Desde o primeiro momento que a vi, Aline sempre tinha uma história para contar e as contava sempre olhando profundamente no olho. Ela não parecia ter aquela necessidade que muitos de nós temos de desviar o olhar e tomar um fôlego para continuar conversando.

O negócio dela era olho no olho. Nos encontramos em um ônibus, a caminho da Universidade. Aline me contou sobre como foi expulsa de casa por sua avó e do pouco que sua mãe fez para impedir.

Eu a perdoei hoje, ela diz. Entendo que ela não foi a pior naquela história toda, e afinal, o que somos nós senão seres que podem perdoar? Voltei pra casa depois de tê-las mostrado que não iria para a rua me prostituir, que não seria estatística. Somos uma geração que quer mais, sabe? A gente não vai se contentar com pouco, eu canto é sobre isso.

Ao me falar sobre seus objetivos e projetos, Aline saca da bolsa um celular, coloca pequenos fones pretos e abre o SoundCloud. Ouça, me diz. Dos fones saem uma música um tanto barulhenta. É uma demo ainda, tá? Ela canta sobre a energia feminina que habita nos corpos e como isso é tão poderoso e único.

Quero fortalecer outras como eu, como nós, entende? Me sinto viva ao cantar, ao transmitir o que tantas de nós passam.

Aline fala com uma calma e leveza, é um projeto, ela me afirma. A gente tem um projeto de poder, de vida.

Me lembro de um artigo que li há pouco tempo, tratava da construção dos termos “travesti” e “transexual” na literatura científica a partir do século XIX. Esses nomes foram dados a partir da criação dos seres mentalmente instáveis, perigosos e doentes. Antes, porém, a história era outra. Houve um tempo que o corpo que carregava signos femininos e masculinos era venerado, era místico e despertava a curiosidade.

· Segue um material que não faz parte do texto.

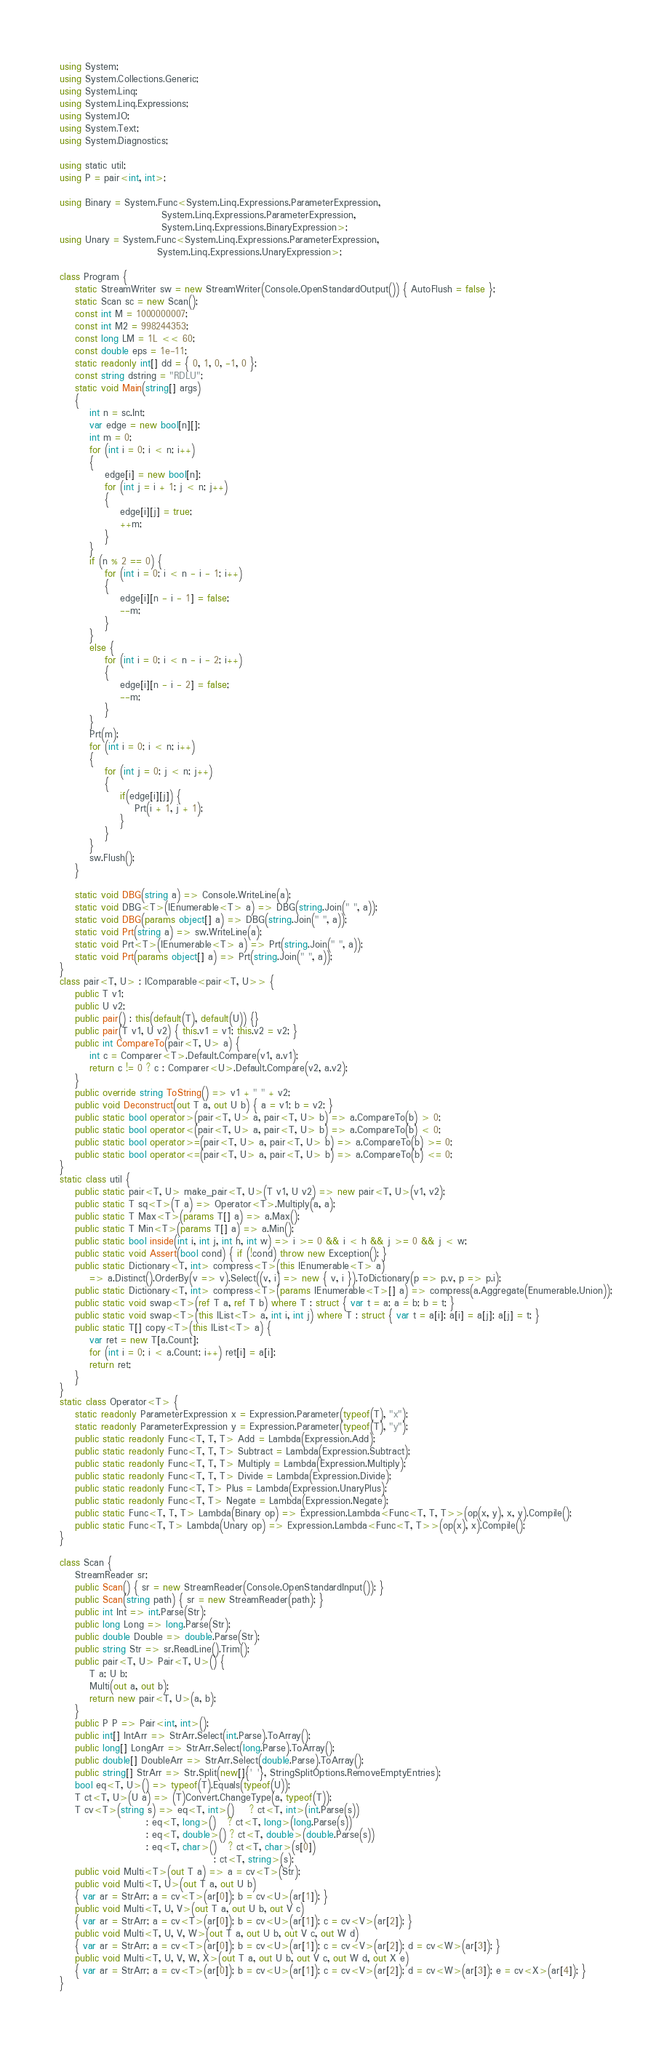<code> <loc_0><loc_0><loc_500><loc_500><_C#_>using System;
using System.Collections.Generic;
using System.Linq;
using System.Linq.Expressions;
using System.IO;
using System.Text;
using System.Diagnostics;

using static util;
using P = pair<int, int>;

using Binary = System.Func<System.Linq.Expressions.ParameterExpression,
                           System.Linq.Expressions.ParameterExpression,
                           System.Linq.Expressions.BinaryExpression>;
using Unary = System.Func<System.Linq.Expressions.ParameterExpression,
                          System.Linq.Expressions.UnaryExpression>;

class Program {
    static StreamWriter sw = new StreamWriter(Console.OpenStandardOutput()) { AutoFlush = false };
    static Scan sc = new Scan();
    const int M = 1000000007;
    const int M2 = 998244353;
    const long LM = 1L << 60;
    const double eps = 1e-11;
    static readonly int[] dd = { 0, 1, 0, -1, 0 };
    const string dstring = "RDLU";
    static void Main(string[] args)
    {
        int n = sc.Int;
        var edge = new bool[n][];
        int m = 0;
        for (int i = 0; i < n; i++)
        {
            edge[i] = new bool[n];
            for (int j = i + 1; j < n; j++)
            {
                edge[i][j] = true;
                ++m;
            }
        }
        if (n % 2 == 0) {
            for (int i = 0; i < n - i - 1; i++)
            {
                edge[i][n - i - 1] = false;
                --m;
            }
        }
        else {
            for (int i = 0; i < n - i - 2; i++)
            {
                edge[i][n - i - 2] = false;
                --m;
            }
        }
        Prt(m);
        for (int i = 0; i < n; i++)
        {
            for (int j = 0; j < n; j++)
            {
                if(edge[i][j]) {
                    Prt(i + 1, j + 1);
                }
            }
        }
        sw.Flush();
    }

    static void DBG(string a) => Console.WriteLine(a);
    static void DBG<T>(IEnumerable<T> a) => DBG(string.Join(" ", a));
    static void DBG(params object[] a) => DBG(string.Join(" ", a));
    static void Prt(string a) => sw.WriteLine(a);
    static void Prt<T>(IEnumerable<T> a) => Prt(string.Join(" ", a));
    static void Prt(params object[] a) => Prt(string.Join(" ", a));
}
class pair<T, U> : IComparable<pair<T, U>> {
    public T v1;
    public U v2;
    public pair() : this(default(T), default(U)) {}
    public pair(T v1, U v2) { this.v1 = v1; this.v2 = v2; }
    public int CompareTo(pair<T, U> a) {
        int c = Comparer<T>.Default.Compare(v1, a.v1);
        return c != 0 ? c : Comparer<U>.Default.Compare(v2, a.v2);
    }
    public override string ToString() => v1 + " " + v2;
    public void Deconstruct(out T a, out U b) { a = v1; b = v2; }
    public static bool operator>(pair<T, U> a, pair<T, U> b) => a.CompareTo(b) > 0;
    public static bool operator<(pair<T, U> a, pair<T, U> b) => a.CompareTo(b) < 0;
    public static bool operator>=(pair<T, U> a, pair<T, U> b) => a.CompareTo(b) >= 0;
    public static bool operator<=(pair<T, U> a, pair<T, U> b) => a.CompareTo(b) <= 0;
}
static class util {
    public static pair<T, U> make_pair<T, U>(T v1, U v2) => new pair<T, U>(v1, v2);
    public static T sq<T>(T a) => Operator<T>.Multiply(a, a);
    public static T Max<T>(params T[] a) => a.Max();
    public static T Min<T>(params T[] a) => a.Min();
    public static bool inside(int i, int j, int h, int w) => i >= 0 && i < h && j >= 0 && j < w;
    public static void Assert(bool cond) { if (!cond) throw new Exception(); }
    public static Dictionary<T, int> compress<T>(this IEnumerable<T> a)
        => a.Distinct().OrderBy(v => v).Select((v, i) => new { v, i }).ToDictionary(p => p.v, p => p.i);
    public static Dictionary<T, int> compress<T>(params IEnumerable<T>[] a) => compress(a.Aggregate(Enumerable.Union));
    public static void swap<T>(ref T a, ref T b) where T : struct { var t = a; a = b; b = t; }
    public static void swap<T>(this IList<T> a, int i, int j) where T : struct { var t = a[i]; a[i] = a[j]; a[j] = t; }
    public static T[] copy<T>(this IList<T> a) {
        var ret = new T[a.Count];
        for (int i = 0; i < a.Count; i++) ret[i] = a[i];
        return ret;
    }
}
static class Operator<T> {
    static readonly ParameterExpression x = Expression.Parameter(typeof(T), "x");
    static readonly ParameterExpression y = Expression.Parameter(typeof(T), "y");
    public static readonly Func<T, T, T> Add = Lambda(Expression.Add);
    public static readonly Func<T, T, T> Subtract = Lambda(Expression.Subtract);
    public static readonly Func<T, T, T> Multiply = Lambda(Expression.Multiply);
    public static readonly Func<T, T, T> Divide = Lambda(Expression.Divide);
    public static readonly Func<T, T> Plus = Lambda(Expression.UnaryPlus);
    public static readonly Func<T, T> Negate = Lambda(Expression.Negate);
    public static Func<T, T, T> Lambda(Binary op) => Expression.Lambda<Func<T, T, T>>(op(x, y), x, y).Compile();
    public static Func<T, T> Lambda(Unary op) => Expression.Lambda<Func<T, T>>(op(x), x).Compile();
}

class Scan {
    StreamReader sr;
    public Scan() { sr = new StreamReader(Console.OpenStandardInput()); }
    public Scan(string path) { sr = new StreamReader(path); }
    public int Int => int.Parse(Str);
    public long Long => long.Parse(Str);
    public double Double => double.Parse(Str);
    public string Str => sr.ReadLine().Trim();
    public pair<T, U> Pair<T, U>() {
        T a; U b;
        Multi(out a, out b);
        return new pair<T, U>(a, b);
    }
    public P P => Pair<int, int>();
    public int[] IntArr => StrArr.Select(int.Parse).ToArray();
    public long[] LongArr => StrArr.Select(long.Parse).ToArray();
    public double[] DoubleArr => StrArr.Select(double.Parse).ToArray();
    public string[] StrArr => Str.Split(new[]{' '}, StringSplitOptions.RemoveEmptyEntries);
    bool eq<T, U>() => typeof(T).Equals(typeof(U));
    T ct<T, U>(U a) => (T)Convert.ChangeType(a, typeof(T));
    T cv<T>(string s) => eq<T, int>()    ? ct<T, int>(int.Parse(s))
                       : eq<T, long>()   ? ct<T, long>(long.Parse(s))
                       : eq<T, double>() ? ct<T, double>(double.Parse(s))
                       : eq<T, char>()   ? ct<T, char>(s[0])
                                         : ct<T, string>(s);
    public void Multi<T>(out T a) => a = cv<T>(Str);
    public void Multi<T, U>(out T a, out U b)
    { var ar = StrArr; a = cv<T>(ar[0]); b = cv<U>(ar[1]); }
    public void Multi<T, U, V>(out T a, out U b, out V c)
    { var ar = StrArr; a = cv<T>(ar[0]); b = cv<U>(ar[1]); c = cv<V>(ar[2]); }
    public void Multi<T, U, V, W>(out T a, out U b, out V c, out W d)
    { var ar = StrArr; a = cv<T>(ar[0]); b = cv<U>(ar[1]); c = cv<V>(ar[2]); d = cv<W>(ar[3]); }
    public void Multi<T, U, V, W, X>(out T a, out U b, out V c, out W d, out X e)
    { var ar = StrArr; a = cv<T>(ar[0]); b = cv<U>(ar[1]); c = cv<V>(ar[2]); d = cv<W>(ar[3]); e = cv<X>(ar[4]); }
}
</code> 
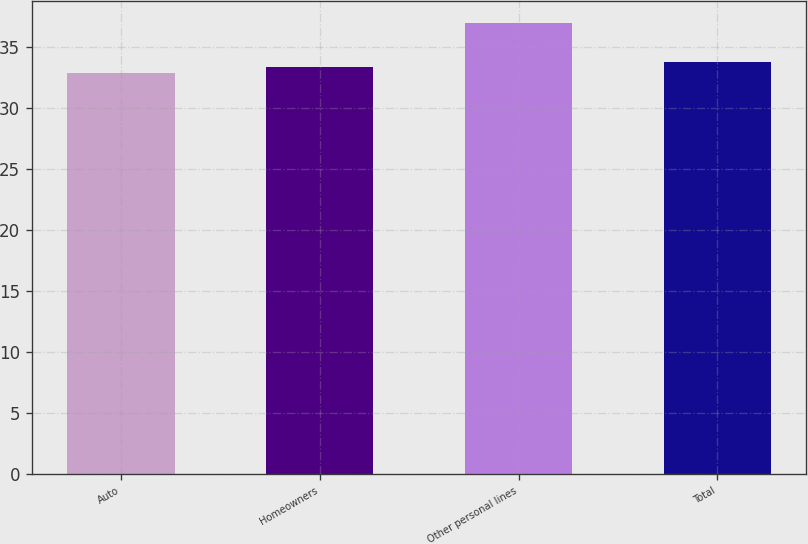<chart> <loc_0><loc_0><loc_500><loc_500><bar_chart><fcel>Auto<fcel>Homeowners<fcel>Other personal lines<fcel>Total<nl><fcel>32.8<fcel>33.3<fcel>36.9<fcel>33.71<nl></chart> 
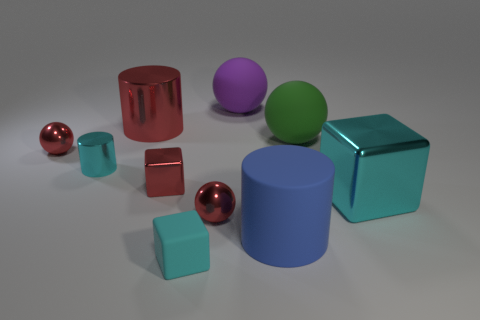Which objects in the image are reflective? The metallic spheres and the cylinder-shaped objects exhibit a reflective surface, which is noticeable by the way they cast lights and shadows. Are there any objects that are the same shape but different sizes? Yes, the cubes and the spheres both have variations in size, with at least two different sizes visible for each shape.

Quem cagou tudo foi a igreja, me diz Aline quando falo sobre esse texto. Sim, o cristiano colocou tudo o que não estava em uma caixinha bem definida, o que é homem e mulher, como o demônio, e assim nasceram as demônias. Mulher de pau, homem de buceta, seres criados pelo próprio Diabo.

E como o cristianismo opera? Como faz essas coisas místicas virarem demoníacas? Foi aí que entendi o conceito de episteme, palavra que já tinha ouvido mas nunca pegado sua completude. É uma mudança de pensamento, é algo difícil de imaginar estando no aqui, agora, enquanto nosso pensamento é moldado de uma certa forma.

Mas até a forma de pensar é construída, não é natural.

Aline ri. Nada é.

Como pode ser viver em outra forma de pensar? Outra forma de ver o mundo? Como é viver outro paradigma? Me recordo da música de Aline que ouvi há pouco, o que ela fala… é outra episteme. Ela está pensando fora dos moldes de nosso tempo.

No artigo, fala-se que o processo de demonização das coisas levou séculos. Somos, então, uma peça na mudança da episteme. Algum dia nos estudarão. Imaginei humanos futuristas apontando pra uma foto em museu.

Foram aquelas lá, aquelas travestis que começaram tudo. Tudo!

A gente ri, nosso trabalho está apenas começando.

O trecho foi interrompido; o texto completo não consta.